[WATCH] Marsa horse racing track revamp will be done in six months

Private investors bound to complete work on the actual track within six months not to disrupt the horse racing calendar

The Marsa horse racing track has been awarded on concession to private investors for 65 years
The Marsa horse racing track has been awarded on concession to private investors for 65 years
New Marsa horse racing track concession explained

The horse racing track in Marsa will have to be revamped within six months of planning permits being issued, Sports Parliamentary Secretary Clifton Grima said.

Private investors who were awarded the concession to operate the Marsa race track will have to finish works on the actual track within the stipulated timeframe not to disrupt the horse racing calendar.

Other facilities that come with the €28 million investment project, such as the grand stand, equipment storage facilities and clubhouses will be completed in four years. 
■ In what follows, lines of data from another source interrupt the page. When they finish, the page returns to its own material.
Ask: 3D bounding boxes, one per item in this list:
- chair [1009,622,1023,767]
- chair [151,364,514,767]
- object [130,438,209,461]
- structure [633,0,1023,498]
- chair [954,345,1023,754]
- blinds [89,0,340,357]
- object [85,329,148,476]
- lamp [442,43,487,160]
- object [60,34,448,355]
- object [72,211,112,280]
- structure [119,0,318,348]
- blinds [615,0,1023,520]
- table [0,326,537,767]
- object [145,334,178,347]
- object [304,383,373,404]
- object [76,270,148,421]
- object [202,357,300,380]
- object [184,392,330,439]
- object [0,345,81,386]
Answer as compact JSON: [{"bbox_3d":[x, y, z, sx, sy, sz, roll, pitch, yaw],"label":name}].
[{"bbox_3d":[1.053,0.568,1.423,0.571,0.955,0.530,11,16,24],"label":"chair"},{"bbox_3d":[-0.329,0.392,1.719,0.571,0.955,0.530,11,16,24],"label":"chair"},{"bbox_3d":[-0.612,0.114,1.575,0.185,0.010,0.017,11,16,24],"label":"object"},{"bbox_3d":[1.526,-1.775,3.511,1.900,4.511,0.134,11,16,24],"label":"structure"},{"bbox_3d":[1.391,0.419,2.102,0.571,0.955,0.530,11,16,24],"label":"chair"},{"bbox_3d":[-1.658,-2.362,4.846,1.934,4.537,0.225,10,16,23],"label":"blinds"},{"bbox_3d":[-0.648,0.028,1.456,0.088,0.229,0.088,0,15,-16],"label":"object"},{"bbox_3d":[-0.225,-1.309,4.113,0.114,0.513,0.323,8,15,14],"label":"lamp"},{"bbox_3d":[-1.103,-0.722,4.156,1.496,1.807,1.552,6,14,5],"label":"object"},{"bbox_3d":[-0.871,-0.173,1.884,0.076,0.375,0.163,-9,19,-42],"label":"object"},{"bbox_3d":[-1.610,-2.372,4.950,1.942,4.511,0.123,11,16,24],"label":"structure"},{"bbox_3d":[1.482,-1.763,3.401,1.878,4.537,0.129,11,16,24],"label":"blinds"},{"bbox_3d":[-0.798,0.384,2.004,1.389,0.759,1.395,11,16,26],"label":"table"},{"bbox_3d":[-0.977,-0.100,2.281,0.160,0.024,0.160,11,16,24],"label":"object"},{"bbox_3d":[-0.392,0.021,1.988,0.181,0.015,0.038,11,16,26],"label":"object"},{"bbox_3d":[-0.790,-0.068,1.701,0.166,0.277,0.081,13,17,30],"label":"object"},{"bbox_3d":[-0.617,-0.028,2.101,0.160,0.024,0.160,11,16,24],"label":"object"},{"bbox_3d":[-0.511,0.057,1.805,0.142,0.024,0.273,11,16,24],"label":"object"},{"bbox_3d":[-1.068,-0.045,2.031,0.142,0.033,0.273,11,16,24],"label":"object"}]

Grima was speaking on Tuesday at the Marsa race track which was awarded to Marsa Race Track Ltd by parliamentary resolution last week. The concession was approved unanimously.

The company is controlled by Hugh Morshead, a director at Henley and Partners that manages the cash-for-passport scheme. 

The vast tract of land that comprises the horse racing track and its peripheries were conceded to Marsa Race Track Ltd for a minimum €28 million investment in the first four years on a deed that grants them land rights for the next 65 years.

“With this new investment, we continue to confirm this government’s mission to place sport at the top of the agenda. Last year, more than 60,000 people showed up to horse-racing events in Marsa. We want to see this amount double. After the racetrack has been in a debilitated state for many years, we will finally see it upgraded as per international standards,” Grima said.

Marsa Race Track Ltd. was the only bidder to submit an offer during the tendering process. Lawyer Pio Valletta, one of the company’s shareholders, said this was a project that would connect the people of Malta and will offer a destination of entertainment for all families.

The operator is bound to provide a grand stand, a parking area for 1,200 cars, a new bus terminus, solar panels, clubhouses for the Malta Racing Club and the Malta Polo Club, a new polo pitch, a commercial area, a paddock, stables, changing rooms, an area for dressage and show jumping and an equipment storage.

Lydia Abela, the legal consultant for the Privatisation Unit announced that besides the €28 million investment, the operator will be bound to pay €100,000 as a lump sum in rent fees in the first year. This will increase by 15% every five years.

Edwin Borg, chairman of the Malta Racing Club welcomed the project and said that it is practically impossible for a sport entity to make a massive investment unless it is aided by a private consortium.

“That moment has come. Finally, we are finding investors who are willing to take risks for the benefit of our sport. There will be disruptions to the usual proceedings but I urge everyone to pull the same rope,” he said.